#### TASK STATEMENT
With the images set aside, retype every record below character for character.

#### INPUT
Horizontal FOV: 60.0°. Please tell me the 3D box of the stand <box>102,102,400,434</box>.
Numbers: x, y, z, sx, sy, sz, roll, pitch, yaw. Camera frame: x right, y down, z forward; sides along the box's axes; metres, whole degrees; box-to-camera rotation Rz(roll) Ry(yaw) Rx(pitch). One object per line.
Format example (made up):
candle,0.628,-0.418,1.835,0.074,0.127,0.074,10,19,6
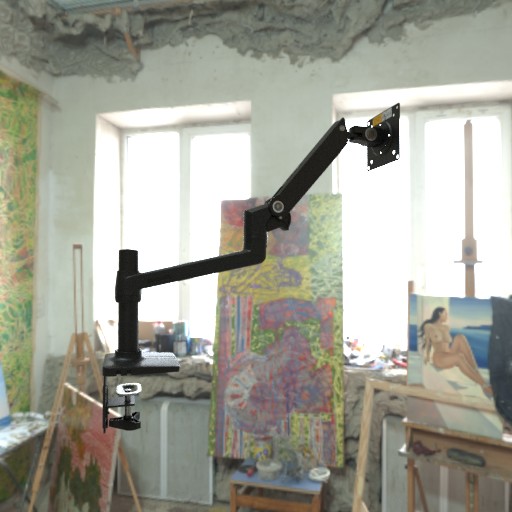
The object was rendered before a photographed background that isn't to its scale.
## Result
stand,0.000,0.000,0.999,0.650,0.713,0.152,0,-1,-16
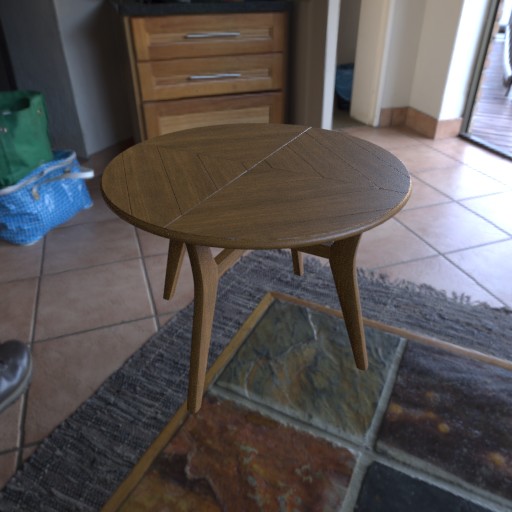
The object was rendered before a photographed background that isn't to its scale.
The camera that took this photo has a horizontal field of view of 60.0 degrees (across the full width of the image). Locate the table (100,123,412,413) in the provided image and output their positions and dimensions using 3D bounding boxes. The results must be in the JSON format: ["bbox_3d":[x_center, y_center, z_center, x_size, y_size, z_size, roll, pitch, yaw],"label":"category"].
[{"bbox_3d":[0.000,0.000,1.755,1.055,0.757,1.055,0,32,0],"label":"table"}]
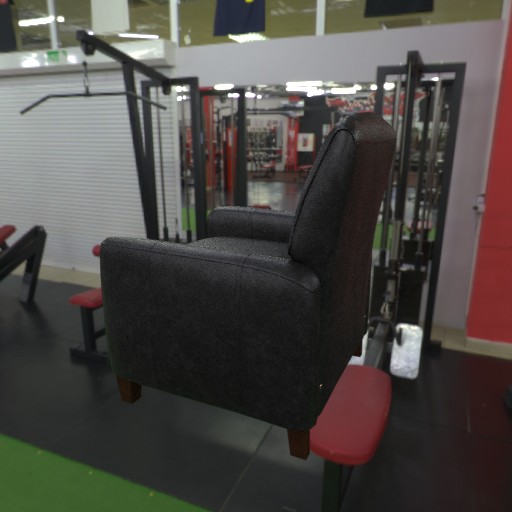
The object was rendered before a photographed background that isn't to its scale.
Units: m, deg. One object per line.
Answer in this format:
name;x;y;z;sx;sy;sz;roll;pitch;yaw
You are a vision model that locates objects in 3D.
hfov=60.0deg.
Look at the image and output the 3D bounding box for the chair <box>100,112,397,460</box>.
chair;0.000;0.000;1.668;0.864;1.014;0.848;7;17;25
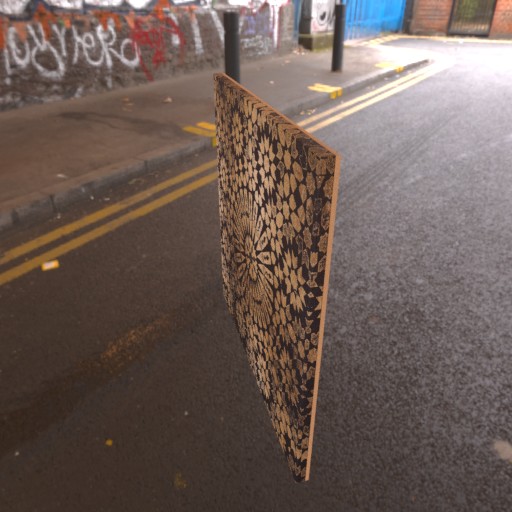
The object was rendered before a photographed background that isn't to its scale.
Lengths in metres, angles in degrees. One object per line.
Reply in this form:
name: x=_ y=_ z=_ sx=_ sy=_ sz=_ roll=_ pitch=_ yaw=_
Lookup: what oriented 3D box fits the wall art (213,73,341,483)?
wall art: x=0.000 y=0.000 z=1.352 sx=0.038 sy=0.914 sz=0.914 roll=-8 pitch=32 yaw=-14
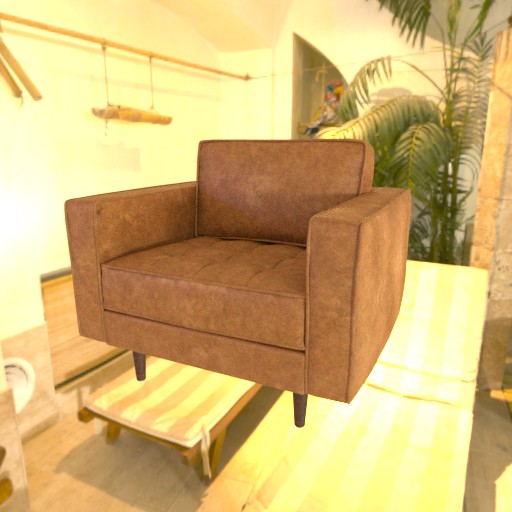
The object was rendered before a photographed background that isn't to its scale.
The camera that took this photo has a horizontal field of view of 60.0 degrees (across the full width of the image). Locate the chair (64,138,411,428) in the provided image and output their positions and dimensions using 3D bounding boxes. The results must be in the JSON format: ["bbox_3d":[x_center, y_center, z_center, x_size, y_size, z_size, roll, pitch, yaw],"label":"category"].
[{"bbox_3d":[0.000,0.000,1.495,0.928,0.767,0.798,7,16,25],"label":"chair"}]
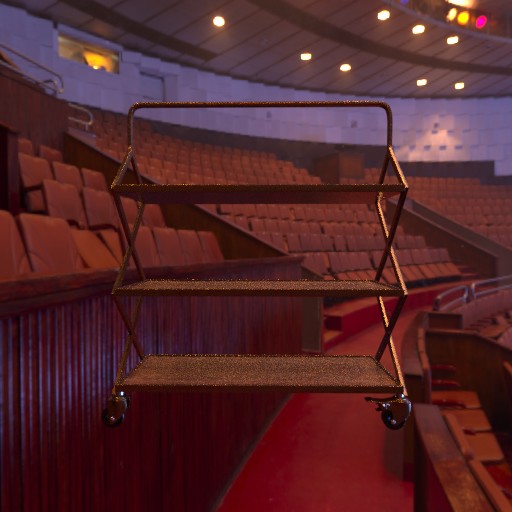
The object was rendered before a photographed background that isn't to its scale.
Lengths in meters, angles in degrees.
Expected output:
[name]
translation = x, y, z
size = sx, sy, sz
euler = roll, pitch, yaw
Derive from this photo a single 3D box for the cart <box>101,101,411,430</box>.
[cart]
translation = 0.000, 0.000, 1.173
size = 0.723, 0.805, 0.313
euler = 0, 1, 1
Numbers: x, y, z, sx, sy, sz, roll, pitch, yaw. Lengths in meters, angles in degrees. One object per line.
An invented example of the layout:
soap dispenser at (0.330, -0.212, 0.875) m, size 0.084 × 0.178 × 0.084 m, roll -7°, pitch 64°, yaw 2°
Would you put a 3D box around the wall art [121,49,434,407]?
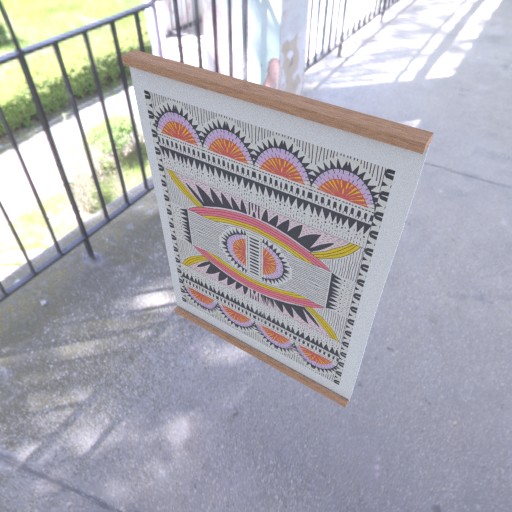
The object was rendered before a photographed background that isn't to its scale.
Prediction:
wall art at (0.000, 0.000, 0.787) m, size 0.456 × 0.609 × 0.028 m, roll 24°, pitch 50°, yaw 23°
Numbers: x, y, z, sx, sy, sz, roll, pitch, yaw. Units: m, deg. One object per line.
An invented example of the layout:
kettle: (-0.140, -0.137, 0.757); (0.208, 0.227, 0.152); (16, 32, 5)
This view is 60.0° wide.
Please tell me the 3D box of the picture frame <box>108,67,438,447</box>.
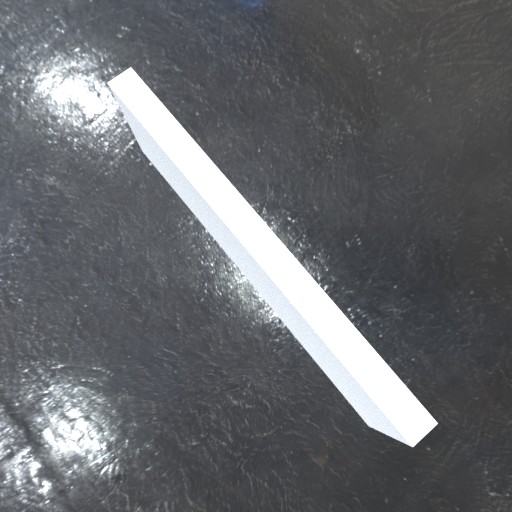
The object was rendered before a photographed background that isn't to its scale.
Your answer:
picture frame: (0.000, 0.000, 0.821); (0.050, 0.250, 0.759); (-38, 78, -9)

#### REPLY TO THE EXERCISE
Horizontal FOV: 60.0°. Please tell me the 3D box of the stand <box>102,102,400,434</box>.
Numbers: x, y, z, sx, sy, sz, roll, pitch, yaw. Camera frame: x right, y down, z forward; sides along the box's axes; metres, whole degrees; box-to-camera rotation Rz(roll) Ry(yaw) Rx(pitch). One object per line.
Format example (made up):
candle,0.628,-0.418,1.835,0.074,0.127,0.074,10,19,6
The object was rendered before a photographed background that isn't to its scale.
## Result
stand,0.000,0.000,0.999,0.650,0.713,0.152,0,-1,-16
The object was rendered before a photographed background that isn't to its scale.
The camera that took this photo has a horizontal field of view of 60.0 degrees (across the full width of the image). Locate the table (100,123,412,413) in the provided image and output their positions and dimensions using 3D bounding boxes. The results must be in the JSON format: ["bbox_3d":[x_center, y_center, z_center, x_size, y_size, z_size, roll, pitch, yaw],"label":"category"].
[{"bbox_3d":[0.000,0.000,1.755,1.055,0.757,1.055,0,32,0],"label":"table"}]
The object was rendered before a photographed background that isn't to its scale.
Units: m, deg. One object per line.
Answer in this format:
name;x;y;z;sx;sy;sz;roll;pitch;yaw
You are a vision model that locates objects in 3D.
hfov=60.0deg.
Look at the image and output the 3D bounding box for the chair <box>100,112,397,460</box>.
chair;0.000;0.000;1.668;0.864;1.014;0.848;7;17;25
The object was rendered before a photographed background that isn't to its scale.
Lengths in metres, angles in degrees. One object per line.
Reply in this form:
name: x=_ y=_ z=_ sx=_ sy=_ sz=_ roll=_ pitch=_ yaw=_
Lookup: what oriented 3D box fits the wall art (213,73,341,483)?
wall art: x=0.000 y=0.000 z=1.352 sx=0.038 sy=0.914 sz=0.914 roll=-8 pitch=32 yaw=-14
The object was rendered before a photographed background that isn't to its scale.
The camera that took this photo has a horizontal field of view of 60.0 degrees (across the full width of the image). Locate the chair (64,138,411,428) in the provided image and output their positions and dimensions using 3D bounding boxes. The results must be in the JSON format: ["bbox_3d":[x_center, y_center, z_center, x_size, y_size, z_size, roll, pitch, yaw],"label":"category"].
[{"bbox_3d":[0.000,0.000,1.495,0.928,0.767,0.798,7,16,25],"label":"chair"}]
The object was rendered before a photographed background that isn't to its scale.
Lengths in meters, angles in degrees.
Expected output:
[name]
translation = x, y, z
size = sx, sy, sz
euler = roll, pitch, yaw
Derive from this photo a single 3D box for the cart <box>101,101,411,430</box>.
[cart]
translation = 0.000, 0.000, 1.173
size = 0.723, 0.805, 0.313
euler = 0, 1, 1
Numbers: x, y, z, sx, sy, sz, roll, pitch, yaw. Lengths in meters, angles in degrees. One object per line.
An invented example of the layout:
soap dispenser at (0.330, -0.212, 0.875) m, size 0.084 × 0.178 × 0.084 m, roll -7°, pitch 64°, yaw 2°
Would you put a 3D box around the wall art [121,49,434,407]?
The object was rendered before a photographed background that isn't to its scale.
Prediction:
wall art at (0.000, 0.000, 0.787) m, size 0.456 × 0.609 × 0.028 m, roll 24°, pitch 50°, yaw 23°
Numbers: x, y, z, sx, sy, sz, roll, pitch, yaw. Units: m, deg. One object per line.
An invented example of the layout:
kettle: (-0.140, -0.137, 0.757); (0.208, 0.227, 0.152); (16, 32, 5)
This view is 60.0° wide.
Please tell me the 3D box of the picture frame <box>108,67,438,447</box>.
The object was rendered before a photographed background that isn't to its scale.
Your answer:
picture frame: (0.000, 0.000, 0.821); (0.050, 0.250, 0.759); (-38, 78, -9)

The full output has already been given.